_What is expected_:
Repeat exactly the lines that run from the start of the records below to the line with "text De heer Hernandez (PVV): Dat", including both of those lines but not the pictures.
┌────────
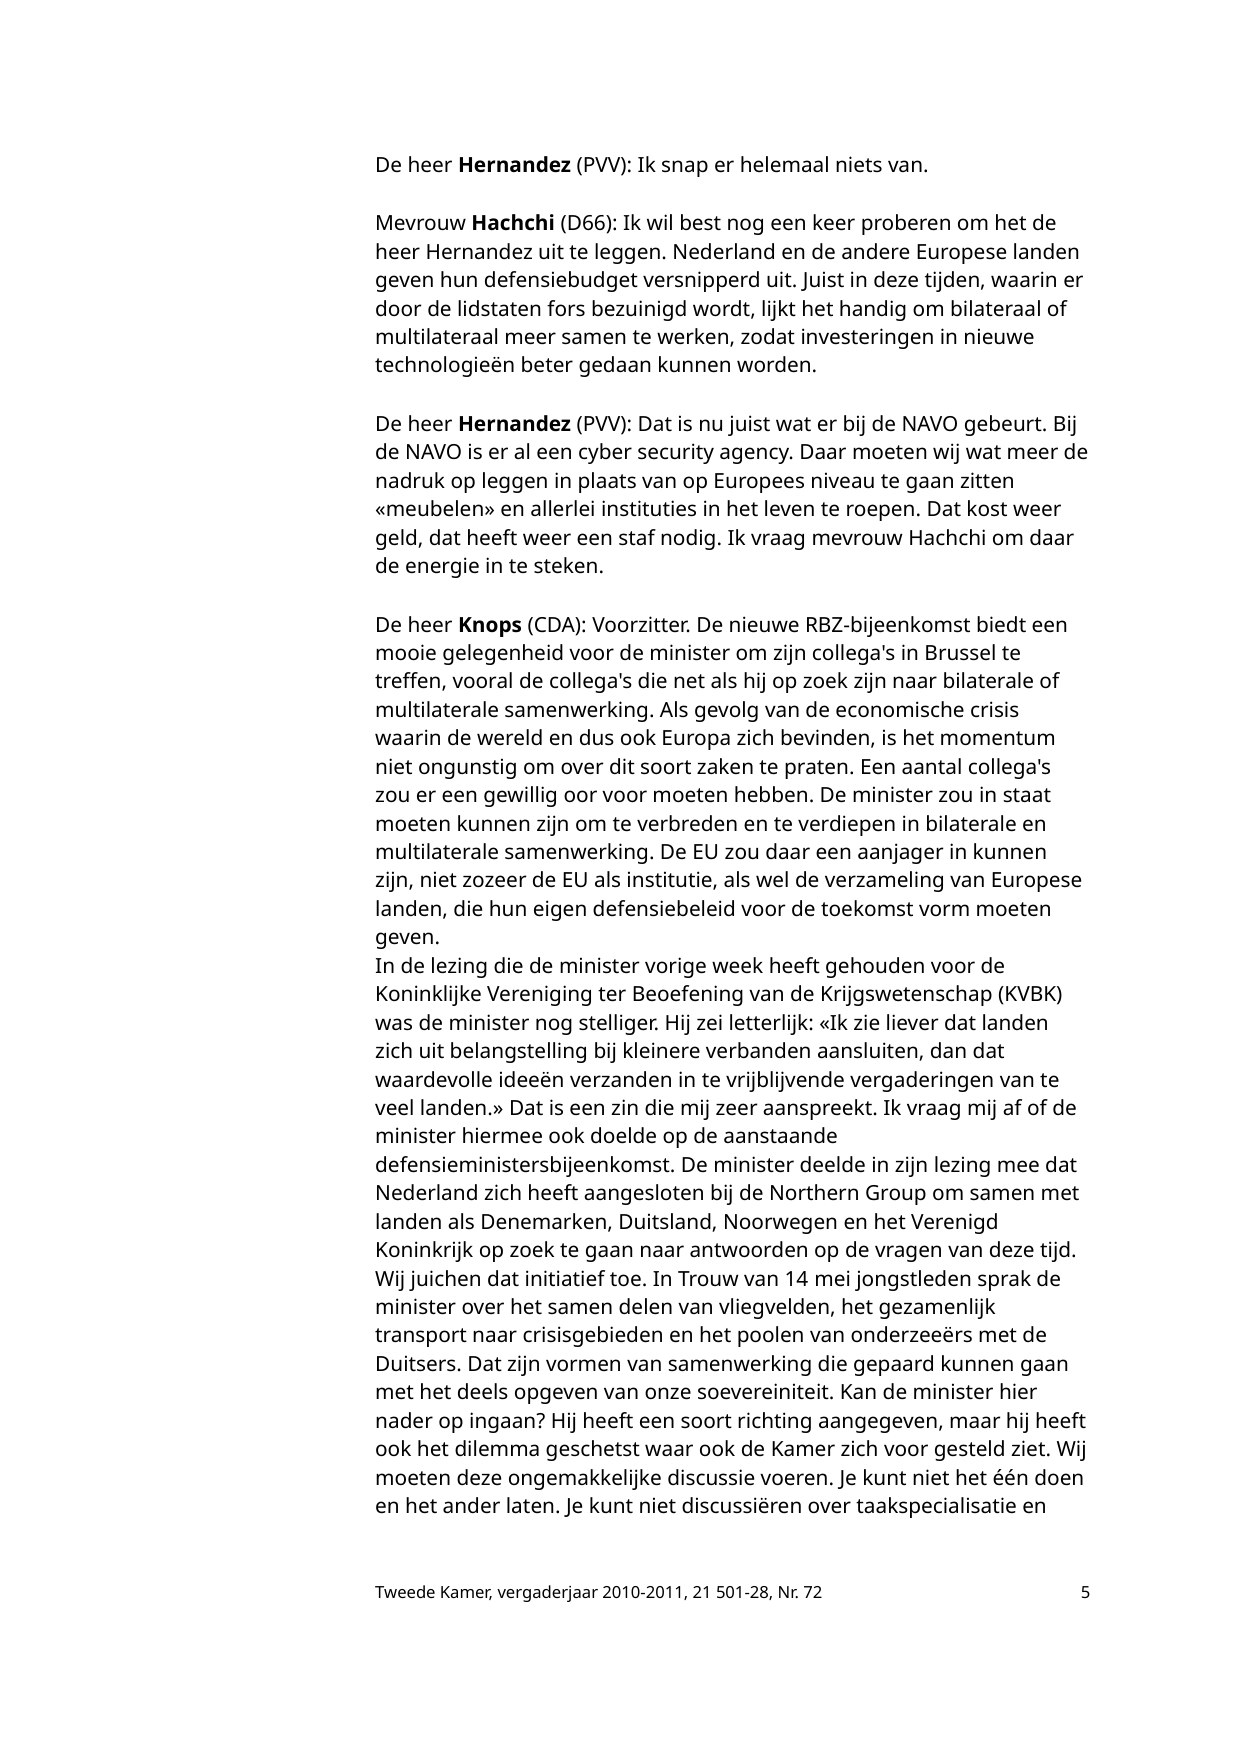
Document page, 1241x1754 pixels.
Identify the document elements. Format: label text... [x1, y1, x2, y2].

text De heer Hernandez (PVV): Dat is nu juist wat er bij de NAVO gebeurt. Bij de NAVO is er al een cyber security agency. Daar moeten wij wat meer de nadruk op leggen in plaats van op Europees niveau te gaan zitten «meubelen» en allerlei instituties in het leven te roepen. Dat kost weer geld, dat heeft weer een staf nodig. Ik vraag mevrouw Hachchi om daar de energie in te steken. [375, 409, 1090, 580]
text De heer Knops (CDA): Voorzitter. De nieuwe RBZ-bijeenkomst biedt een mooie gelegenheid voor de minister om zijn collega's in Brussel te treffen, vooral de collega's die net als hij op zoek zijn naar bilaterale of multilaterale samenwerking. Als gevolg van de economische crisis waarin de wereld en dus ook Europa zich bevinden, is het momentum niet ongunstig om over dit soort zaken te praten. Een aantal collega's zou er een gewillig oor voor moeten hebben. De minister zou in staat moeten kunnen zijn om te verbreden en te verdiepen in bilaterale en multilaterale samenwerking. De EU zou daar een aanjager in kunnen zijn, niet zozeer de EU als institutie, als wel de verzameling van Europese landen, die hun eigen defensiebeleid voor de toekomst vorm moeten geven. [375, 610, 1090, 951]
text Mevrouw Hachchi (D66): Ik wil best nog een keer proberen om het de heer Hernandez uit te leggen. Nederland en de andere Europese landen geven hun defensiebudget versnipperd uit. Juist in deze tijden, waarin er door de lidstaten fors bezuinigd wordt, lijkt het handig om bilateraal of multilateraal meer samen te werken, zodat investeringen in nieuwe technologieën beter gedaan kunnen worden. [375, 208, 1090, 379]
text De heer Hernandez (PVV): Ik snap er helemaal niets van. [375, 150, 1090, 178]
text In de lezing die de minister vorige week heeft gehouden voor de Koninklijke Vereniging ter Beoefening van de Krijgswetenschap (KVBK) was de minister nog stelliger. Hij zei letterlijk: «Ik zie liever dat landen zich uit belangstelling bij kleinere verbanden aansluiten, dan dat waardevolle ideeën verzanden in te vrijblijvende vergaderingen van te veel landen.» Dat is een zin die mij zeer aanspreekt. Ik vraag mij af of de minister hiermee ook doelde op de aanstaande defensieministersbijeenkomst. De minister deelde in zijn lezing mee dat Nederland zich heeft aangesloten bij de Northern Group om samen met landen als Denemarken, Duitsland, Noorwegen en het Verenigd Koninkrijk op zoek te gaan naar antwoorden op de vragen van deze tijd. Wij juichen dat initiatief toe. In Trouw van 14 mei jongstleden sprak de minister over het samen delen van vliegvelden, het gezamenlijk transport naar crisisgebieden en het poolen van onderzeeërs met de Duitsers. Dat zijn vormen van samenwerking die gepaard kunnen gaan met het deels opgeven van onze soevereiniteit. Kan de minister hier nader op ingaan? Hij heeft een soort richting aangegeven, maar hij heeft ook het dilemma geschetst waar ook de Kamer zich voor gesteld ziet. Wij moeten deze ongemakkelijke discussie voeren. Je kunt niet het één doen en het ander laten. Je kunt niet discussiëren over taakspecialisatie en [375, 951, 1090, 1520]
└────────
_Answer space_:
Document page, 1241x1754 pixels.
Identify the document elements. Format: label text... [x1, y1, x2, y2].

text De heer Hernandez (PVV): Dat is nu juist wat er bij de NAVO gebeurt. Bij de NAVO is er al een cyber security agency. Daar moeten wij wat meer de nadruk op leggen in plaats van op Europees niveau te gaan zitten «meubelen» en allerlei instituties in het leven te roepen. Dat kost weer geld, dat heeft weer een staf nodig. Ik vraag mevrouw Hachchi om daar de energie in te steken. [375, 409, 1090, 580]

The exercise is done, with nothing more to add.